## [WHAT YOU SHOULD DO]
Among the lines of data below, reproduce only those from the one with "geography: the hague" through the one with "techniques: autotype", exactly as they stand, both ends included.

## [Records contained in a dataset]
□ □ □ □ □ □ □

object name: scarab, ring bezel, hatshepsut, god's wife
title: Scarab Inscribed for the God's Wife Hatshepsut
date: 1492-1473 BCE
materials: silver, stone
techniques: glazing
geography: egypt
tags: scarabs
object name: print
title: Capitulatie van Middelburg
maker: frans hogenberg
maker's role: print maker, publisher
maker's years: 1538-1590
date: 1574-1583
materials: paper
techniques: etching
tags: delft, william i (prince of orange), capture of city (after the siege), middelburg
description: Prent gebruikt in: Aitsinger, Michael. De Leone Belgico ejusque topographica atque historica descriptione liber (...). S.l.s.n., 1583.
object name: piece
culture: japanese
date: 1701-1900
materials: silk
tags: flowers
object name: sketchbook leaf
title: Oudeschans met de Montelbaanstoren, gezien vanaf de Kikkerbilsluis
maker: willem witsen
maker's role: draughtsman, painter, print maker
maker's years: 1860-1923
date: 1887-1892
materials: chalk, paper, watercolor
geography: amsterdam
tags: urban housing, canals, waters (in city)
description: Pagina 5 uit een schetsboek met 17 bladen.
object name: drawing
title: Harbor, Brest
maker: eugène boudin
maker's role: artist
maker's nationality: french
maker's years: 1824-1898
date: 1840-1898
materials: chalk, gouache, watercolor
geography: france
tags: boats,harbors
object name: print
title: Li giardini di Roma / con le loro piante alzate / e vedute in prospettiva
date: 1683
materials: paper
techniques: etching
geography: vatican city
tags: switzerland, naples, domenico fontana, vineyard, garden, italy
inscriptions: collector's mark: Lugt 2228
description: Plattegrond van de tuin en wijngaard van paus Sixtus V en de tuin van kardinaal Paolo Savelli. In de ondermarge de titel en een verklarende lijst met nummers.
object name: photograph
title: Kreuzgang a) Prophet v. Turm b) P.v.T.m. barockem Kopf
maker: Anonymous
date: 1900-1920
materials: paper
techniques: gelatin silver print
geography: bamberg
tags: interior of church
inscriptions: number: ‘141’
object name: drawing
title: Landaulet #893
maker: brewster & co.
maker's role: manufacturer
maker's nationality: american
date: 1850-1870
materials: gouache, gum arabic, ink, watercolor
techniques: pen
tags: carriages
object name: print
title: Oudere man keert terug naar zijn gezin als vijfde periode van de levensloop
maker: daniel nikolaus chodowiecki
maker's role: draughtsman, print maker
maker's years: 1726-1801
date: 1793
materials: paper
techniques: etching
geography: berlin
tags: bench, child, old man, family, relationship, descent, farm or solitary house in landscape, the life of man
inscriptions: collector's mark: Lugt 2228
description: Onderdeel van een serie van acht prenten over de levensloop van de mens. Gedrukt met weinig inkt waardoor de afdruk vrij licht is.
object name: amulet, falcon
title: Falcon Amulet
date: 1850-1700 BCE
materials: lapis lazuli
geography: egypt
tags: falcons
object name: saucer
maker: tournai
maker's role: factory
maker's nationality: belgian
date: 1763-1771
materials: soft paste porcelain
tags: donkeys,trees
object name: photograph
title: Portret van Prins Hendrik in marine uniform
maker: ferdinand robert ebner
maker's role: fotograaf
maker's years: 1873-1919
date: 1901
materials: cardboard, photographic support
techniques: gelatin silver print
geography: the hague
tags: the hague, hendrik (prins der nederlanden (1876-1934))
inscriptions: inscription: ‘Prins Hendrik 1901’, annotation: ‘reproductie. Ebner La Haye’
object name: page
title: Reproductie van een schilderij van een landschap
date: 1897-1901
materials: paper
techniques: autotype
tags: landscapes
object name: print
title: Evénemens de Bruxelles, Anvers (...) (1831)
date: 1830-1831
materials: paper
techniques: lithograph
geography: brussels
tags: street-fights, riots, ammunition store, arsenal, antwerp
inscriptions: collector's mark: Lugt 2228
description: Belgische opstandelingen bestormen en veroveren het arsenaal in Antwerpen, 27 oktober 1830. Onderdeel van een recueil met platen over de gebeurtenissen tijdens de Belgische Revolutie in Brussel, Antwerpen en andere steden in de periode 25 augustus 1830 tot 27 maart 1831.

□ □ □ □ □ □ □

## [EXPECTED ANSWER]
geography: the hague
tags: the hague, hendrik (prins der nederlanden (1876-1934))
inscriptions: inscription: ‘Prins Hendrik 1901’, annotation: ‘reproductie. Ebner La Haye’
object name: page
title: Reproductie van een schilderij van een landschap
date: 1897-1901
materials: paper
techniques: autotype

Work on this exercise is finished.